The rules in ninety seconds
Pokémon Champions Regulation M-B is a competitive doubles format — "VGC" style, for Video Game Championships. Two players. Each brings a roster of six Pokémon at level 50, but each game they play with only four of them. Two of those four start on the field (the leads); the other two wait on the bench. So every game opens with a draft against yourself: which four of my six, and which two go out first?
Both full six-mon teams are visible to both players before the game starts. This rule is called Open Team Sheets, and it matters enormously — hold that thought for a few paragraphs.
Two more rule switches define the format. Mega Evolution is ON: once per game, one Pokémon holding its Mega Stone can transform mid-battle into a stronger form. Terastallization is OFF: the type-changing mechanic from recent games simply doesn't exist here (the Showdown mod hardcodes it away).
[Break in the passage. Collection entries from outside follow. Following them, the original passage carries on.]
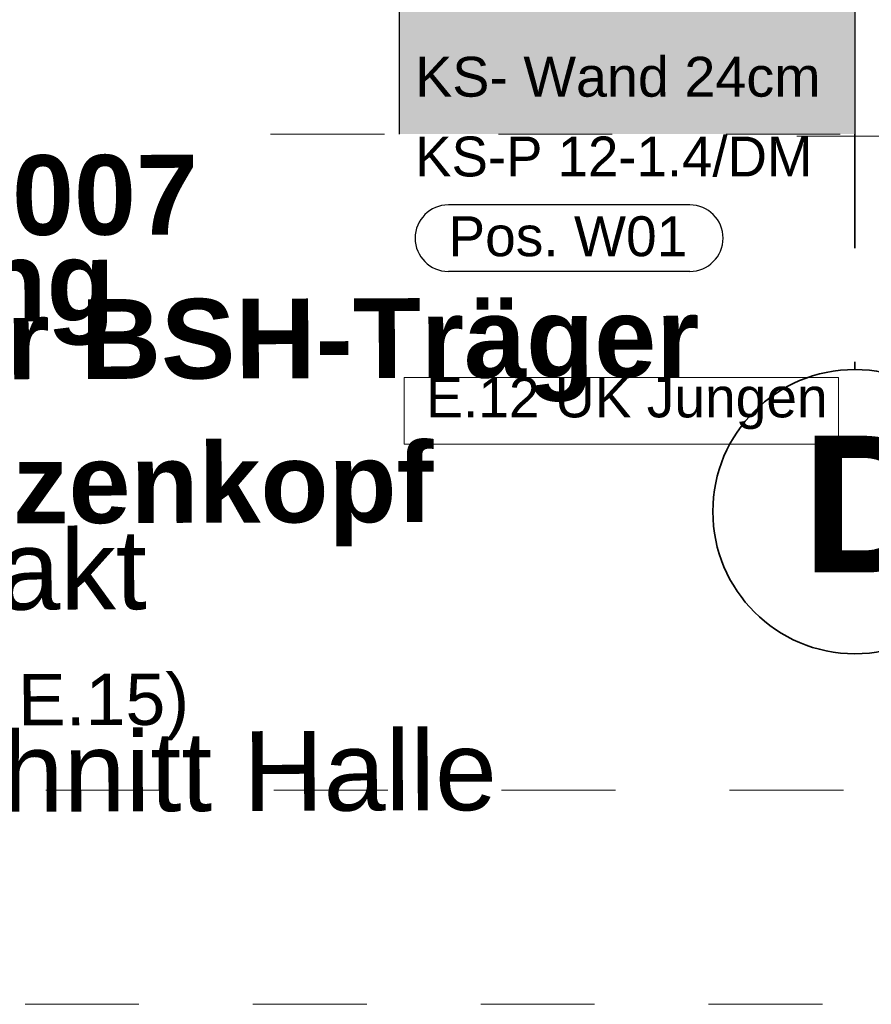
# Model space of a CAD drawing. Header units: metres. Extents: x 1316.5 to 1415.3, y -94.1 to -52.
# Tile 248 of 256: x 1396.145 to 1396.893, y -72.076 to -71.212. Entities that reach past the tile are written whole.
import ezdxf

# ---------------------------------------------------------------- set-up
doc = ezdxf.new("R2010")
doc.units = ezdxf.units.M
for name, pattern in [('AUSGEZOGEN', [0]), ('STRICHLINIE_S4', [0.008, 0.006, -0.002]), ('STRICHPUNKT2_S5', [0.1, 0.07, -0.01, 0.01, -0.01]), ('VERDECKT2_S2', [0.03, 0.02, -0.01])]:
    doc.linetypes.add(name, pattern=pattern)
for name, color, linetype, lineweight in [('XR$2$Text 1_50', 3, 'AUSGEZOGEN', 18), ('XR$2$Wand', 1, 'AUSGEZOGEN', 50), ('XR$2$Wand Mauerwerk tr_1', 42, 'AUSGEZOGEN', 18), ('XR$6$Achsen', 4, 'AUSGEZOGEN', 13), ('XR$6$Allgemein', 4, 'AUSGEZOGEN', 13), ('XR$6$Text 1_50', 3, 'AUSGEZOGEN', 18), ('XR$6$Wand', 1, 'AUSGEZOGEN', 50), ('XR$6$Wand Mauerwerk tr_1', 42, 'AUSGEZOGEN', 18)]:
    doc.layers.add(name, color=color, linetype=linetype, lineweight=lineweight)
doc.styles.add('ARIAL', font='arial.ttf')

msp = doc.modelspace()

# ---------------------------------------------------------------- hatches: boundary and pattern name
at = {"layer": 'XR$6$Allgemein', "linetype": 'AUSGEZOGEN', "lineweight": 25, "transparency": 33554687}
h = msp.add_hatch(color=8, dxfattribs=at)
h.paths.add_polyline_path([(1396.87863, -71.31214), (1396.87863, -69.3701), (1396.47863, -69.3701), (1396.47863, -71.31214)])
h.paths.add_polyline_path([(1396.60789, -69.53779), (1396.61, -69.53914), (1396.61172, -69.54096), (1396.61293, -69.54316), (1396.61355, -69.54559), (1396.61355, -69.54809), (1396.61293, -69.55052), (1396.61172, -69.55272), (1396.61, -69.55455), (1396.60789, -69.55589), (1396.6055, -69.55666), (1396.603, -69.55682), (1396.60054, -69.55635), (1396.59827, -69.55528), (1396.59634, -69.55369), (1396.59487, -69.55166), (1396.59394, -69.54933), (1396.59363, -69.54684), (1396.59394, -69.54435), (1396.59487, -69.54202), (1396.59634, -69.54), (1396.59827, -69.5384), (1396.60054, -69.53733), (1396.603, -69.53686), (1396.6055, -69.53702)], flags=16)
h.paths.add_polyline_path([(1396.59827, -69.96832), (1396.60054, -69.96726), (1396.603, -69.96679), (1396.6055, -69.96694), (1396.60789, -69.96772), (1396.61, -69.96906), (1396.61172, -69.97089), (1396.61293, -69.97309), (1396.61355, -69.97551), (1396.61355, -69.97802), (1396.61293, -69.98045), (1396.61172, -69.98264), (1396.61, -69.98447), (1396.60789, -69.98581), (1396.6055, -69.98659), (1396.603, -69.98675), (1396.60054, -69.98628), (1396.59827, -69.98521), (1396.59634, -69.98361), (1396.59487, -69.98158), (1396.59394, -69.97925), (1396.59363, -69.97677), (1396.59394, -69.97428), (1396.59487, -69.97195), (1396.59634, -69.96992)], flags=16)

# ---------------------------------------------------------------- linework, layer by layer
at = {"layer": 'XR$2$Text 1_50', "color": 7, "linetype": 'AUSGEZOGEN', "lineweight": 25, "transparency": 33554687}
for p, q in [((1396.73367, -71.37433), (1396.52171, -71.37433)), ((1396.73367, -71.43266), (1396.52171, -71.43266))]:
    msp.add_line(p, q, dxfattribs=at)
at = {"layer": 'XR$2$Text 1_50', "color": 3, "linetype": 'AUSGEZOGEN', "lineweight": 18, "transparency": 33554687}
msp.add_lwpolyline([(1396.48295, -71.58418), (1396.86429, -71.58418), (1396.86429, -71.52585), (1396.48295, -71.52585), (1396.48295, -71.58418)], dxfattribs=at)
at = {"layer": 'XR$2$Text 1_50', "color": 7, "linetype": 'AUSGEZOGEN', "lineweight": 25, "transparency": 33554687}
for centre, start, end in [((1396.52171, -71.40349), 90, 270), ((1396.73367, -71.40349), 270, 90)]:
    msp.add_arc(centre, 0.02917, start, end, dxfattribs=at)
at = {"layer": 'XR$2$Wand', "color": 1, "linetype": 'VERDECKT2_S2', "lineweight": 13, "transparency": 33554687}
for p, q in [((1397.40945, -71.22709), (1396.83516, -71.22709)), ((1397.40945, -71.84109), (1396.83516, -71.84109))]:
    msp.add_line(p, q, dxfattribs=at)
at = {"layer": 'XR$2$Wand', "color": 4, "linetype": 'AUSGEZOGEN', "lineweight": 13, "transparency": 33554687}
msp.add_line((1396.82751, -71.31386), (1397.01751, -71.31386), dxfattribs=at)
at = {"layer": 'XR$2$Wand Mauerwerk tr_1', "color": 7, "linetype": 'STRICHLINIE_S4', "lineweight": 18, "transparency": 33554687}
msp.add_lwpolyline([(1394.96851, -71.88791), (1398.65105, -71.88791), (1398.65105, -69.02958), (1394.96851, -69.02958), (1394.96851, -71.88791)], close=True, dxfattribs=at)
at = {"layer": 'XR$6$Achsen', "color": 4, "linetype": 'STRICHPUNKT2_S5', "lineweight": 35, "transparency": 33554687}
msp.add_line((1396.87863, -71.31214), (1396.87863, -71.51876), dxfattribs=at)
at = {"layer": 'XR$6$Achsen', "color": 4, "linetype": 'AUSGEZOGEN', "lineweight": 35, "transparency": 33554687}
msp.add_circle((1396.87863, -71.6435), 0.12474, dxfattribs=at)
at = {"layer": 'XR$6$Allgemein', "color": 4, "linetype": 'AUSGEZOGEN', "lineweight": 25, "transparency": 33554687}
for p, q in [((1396.47863, -69.3701), (1396.47863, -71.31214)), ((1396.87863, -69.3701), (1396.87863, -71.31214))]:
    msp.add_line(p, q, dxfattribs=at)
at = {"layer": 'XR$6$Wand', "color": 52, "linetype": 'VERDECKT2_S2', "lineweight": 13, "transparency": 33554687}
msp.add_line((1396.36564, -71.31214), (1397.04414, -71.31214), dxfattribs=at)
at = {"layer": 'XR$6$Wand Mauerwerk tr_1', "color": 7, "linetype": 'STRICHLINIE_S4', "lineweight": 18, "transparency": 33554687}
msp.add_lwpolyline([(1395.70989, -69.21758), (1399.05011, -69.21758), (1399.05011, -72.07591), (1395.70989, -72.07591), (1395.70989, -69.21758)], close=True, dxfattribs=at)

# ---------------------------------------------------------------- texts
at = {"layer": 'XR$2$Text 1_50', "color": 7, "linetype": 'AUSGEZOGEN', "lineweight": 25, "transparency": 33554687, "char_height": 0.035, "attachment_point": 7, "style": 'ARIAL'}
for s, insert, width in [('\\W1.00;KS- Wand 24cm', (1396.49255, -71.27983), 0.3734368), ('\\W0.98;KS-P 12-1.4/DM', (1396.49255, -71.34983), 0.3731761), ('\\W0.99;Pos. W01', (1396.52171, -71.41983), 0.2291985)]:
    msp.add_mtext(s, dxfattribs=dict(at, insert=insert, width=width))
at = {"layer": 'XR$2$Text 1_50', "color": 3, "linetype": 'AUSGEZOGEN', "lineweight": 25, "transparency": 33554687, "insert": (1395.23396, -71.28295), "char_height": 0.07, "width": 1.7022438, "attachment_point": 1, "rotation": 0.18724, "line_spacing_factor": 1.084337, "style": 'ARIAL'}
msp.add_mtext('\\A1;{\\fArial|i0|b1;\\H0.070000;\\W1.000000;\\C3;Detail D002}\\P{\\fArial|i0|b1;\\H0.070000;\\W1.000000;\\C3;Attika/ Entwässerung }\\P{\\fArial|i0|b1;\\H0.070000;\\W1.000000;\\C3;M 1:20}\\P{\\fArial|i0|b0;\\H0.070000;\\W1.000000;\\C3;Regelschnitt Sozialtrakt }\\P{\\fArial|i0|b0;\\H0.045000;\\W1.000000;\\C3;(Achse D - dargestellt Fenster F.E.15)}\\P', dxfattribs=at)
at = {"layer": 'XR$2$Text 1_50', "color": 3, "linetype": 'AUSGEZOGEN', "lineweight": 18, "transparency": 33554687, "insert": (1396.48878, -71.57135), "char_height": 0.035, "width": 0.3869976, "attachment_point": 7, "style": 'ARIAL'}
msp.add_mtext('\\W0.99; E.12 UK Jungen', dxfattribs=at)
at = {"layer": 'XR$6$Achsen', "color": 4, "linetype": 'AUSGEZOGEN', "lineweight": 35, "transparency": 33554687, "insert": (1396.83196, -71.69689), "char_height": 0.12, "width": 0.1816285, "attachment_point": 7, "style": 'ARIAL'}
msp.add_mtext('\\A1;{\\fArial|i0|b1;\\H0.120000;\\W1.000000;\\C4;D}\\P', dxfattribs=at)
at = {"layer": 'XR$6$Text 1_50', "color": 3, "linetype": 'AUSGEZOGEN', "lineweight": 25, "transparency": 33554687, "insert": (1395.77457, -71.33196), "char_height": 0.07, "width": 1.0337438, "attachment_point": 1, "rotation": 0.18724, "line_spacing_factor": 1.084337, "style": 'ARIAL'}
msp.add_mtext('\\A1;{\\fArial|i0|b1;\\H0.070000;\\W1.000000;\\C3;Detail D007}\\P{\\fArial|i0|b1;\\H0.070000;\\W1.000000;\\C3;Auflager BSH-Träger }\\P{\\fArial|i0|b1;\\H0.070000;\\W1.000000;\\C3;auf Stützenkopf }\\P{\\fArial|i0|b1;\\H0.070000;\\W1.000000;\\C3;M 1:20}\\P{\\fArial|i0|b0;\\H0.070000;\\W1.000000;\\C3;Regelschnitt Halle }\\P{\\fArial|i0|b0;\\H0.045000;\\W1.000000;\\C3;(Achse C)}\\P', dxfattribs=at)

doc.saveas('drawing.dxf')

And the rule that changes everything: both players move at the same time. Each turn, you secretly choose an action for each of your two active Pokémon; your opponent does the same; then all four choices resolve together. There is no "I move, then you respond." Every turn is a sealed-envelope exchange.
| Rule | What it means in practice |
|---|---|
| Doubles, level 50 | Two active Pokémon per side, always. Positioning and targeting matter. |
| Bring 6, pick 4 | Every game starts with a 90-way draft decision (leads + back pair). |
| Open Team Sheets | Both full teams visible at preview. No hidden-roster guessing. |
| Megas ON (one per team) | One transformation per game — a timing decision the bot must learn. |
| Tera OFF | One whole mechanic removed. Fewer branches, mercifully. |
| Simultaneous turns | No turn-taking. Both sides commit blind, then everything resolves at once. |
Anatomy of one game
A game has three acts. First, team preview: you see both six-mon teams, you pick your four, and the order matters — the first two are your leads. Second, the turns: each turn, each side picks one action per active slot (a move with a target, a switch to a benched mon, possibly a Mega Evolution tacked on), and everything resolves simultaneously. Third, the end: the first player whose last Pokémon faints loses. In this project's environment that final result is the reward — the single number the learner is ultimately scored on: +1 for a win, −1 for a loss, and one full game is one episode, the unit of experience the learner collects.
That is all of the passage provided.